In changeable times, the seasons can feel like stable and lasting landmarks to orient ourselves over the year. Seasons act as societies’ cultural building blocks; they set a rhythm to our lives often without us consciously thinking about it.

But the meanings of seasons too change over time. Today, communities worldwide are witnessing rapid disruption to seasonal rhythms – from climatic and other changes - and questioning whether their cultural frameworks still hold. Some see this as a loss of humanity’s cultural heritage and urge us to ‘save the seasons’

However, societies are always transforming their cultural frames of seasons, and today we see further efforts to predict and control seasons; through seasonal forecasts, or climate-controlled environments for example.

The CALENDARS project is uncovering how seasonal calendars organise diverse activities around Bergen, and in global case studies. Researchers work with diverse groups – from artists to beekeepers, climate scientists to teachers – to study seasonal cultures and transform them to fast-changing conditions and expectations.

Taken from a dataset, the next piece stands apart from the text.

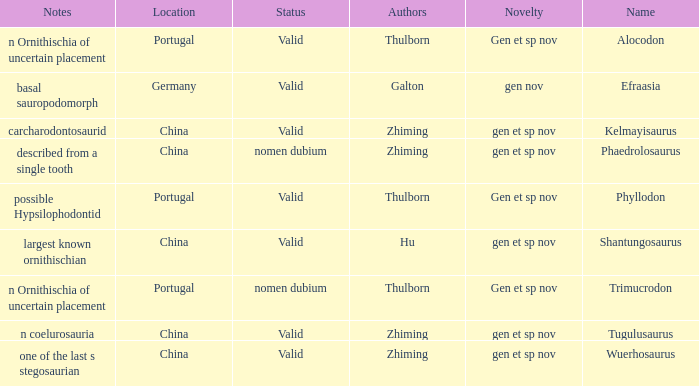What is the Name of the dinosaur, whose notes are, "n ornithischia of uncertain placement"? Alocodon, Trimucrodon.

This symposium took place at the old Christinegaard house on 5 May, 2022.

It began with sets of plenary talks (from 09.00–14.00) organized by three themes:

Seasons and time
Barbara Adam - "A poetic theory of seasons"
Michelle Bastian - "Seasonal thinking within phenology"
Gordon Walker - "Energy-rhythms and seasonal cultures: from curtains to control rooms"

Seasons and culture
David Macauley - "Second Nature: The Seasons, Beauty, and Cultural Imagination"
Sarah Strauss - "Time is Out of Joint: Culture, Seasonality, and Shifting Transitions"
Rosario Carmona - "Chasing the seasons. Pehuenche experiences of rapid ecological change in the Southern Andes"

Changing seasonality
Stefan Sobolowski - "What’s in a name: reflections on seasons and seasonality from a physical science perspective"
Miriam Jensen - "Disruptive Situated Seasons: The Effort to Control and Maintain Stable Seasons within an Unsettled River Landscape"
Simon Meisch - "Changing climate, changing beekeeping"

Seasons and art

After the talks, participant were able to explore artworks created by artists, film-makers and writers in collaboration with the CALENDARS project and triggering reflection on what seasons mean to us, spread over different rooms of the house. This included a documentary film from New Zealand film-maker James Muir, a virtual reality simulation of Bergen for playing with time by Magnhild Øen Nordahl and Cameron MacLeod from Aldea, poetry by Barbara Adam, and exercises for making contemporary primstav calendars.

Attendance was free and includes lunch and refreshments.